* **Task details**:
Exact copy, no pictures: return only the lines below from the line with "Is Light Seafoam the minimum?" up to and including the line with "Answer yes or no. No. Is Medium Blue greater".

* **Source material**:
'''

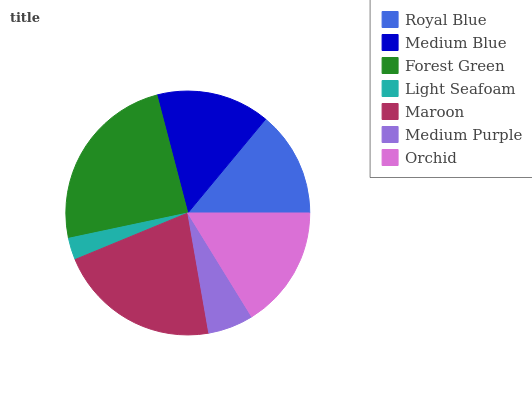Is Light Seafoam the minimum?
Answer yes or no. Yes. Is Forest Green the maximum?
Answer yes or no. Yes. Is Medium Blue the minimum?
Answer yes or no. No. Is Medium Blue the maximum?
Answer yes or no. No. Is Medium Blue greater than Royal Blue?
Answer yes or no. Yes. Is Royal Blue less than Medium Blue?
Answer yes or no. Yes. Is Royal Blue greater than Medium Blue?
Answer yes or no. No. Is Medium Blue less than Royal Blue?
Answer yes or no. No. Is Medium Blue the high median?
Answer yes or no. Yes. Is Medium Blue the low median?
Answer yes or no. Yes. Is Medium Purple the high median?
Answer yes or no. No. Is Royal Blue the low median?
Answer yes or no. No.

'''
'''

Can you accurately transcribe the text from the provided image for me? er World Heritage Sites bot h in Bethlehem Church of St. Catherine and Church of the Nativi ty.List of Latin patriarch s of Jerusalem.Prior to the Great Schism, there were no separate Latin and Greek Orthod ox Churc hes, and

'''

* **Finished exercise**:
Is Light Seafoam the minimum?
Answer yes or no. Yes. Is Forest Green the maximum?
Answer yes or no. Yes. Is Medium Blue the minimum?
Answer yes or no. No. Is Medium Blue the maximum?
Answer yes or no. No. Is Medium Blue greater than Royal Blue?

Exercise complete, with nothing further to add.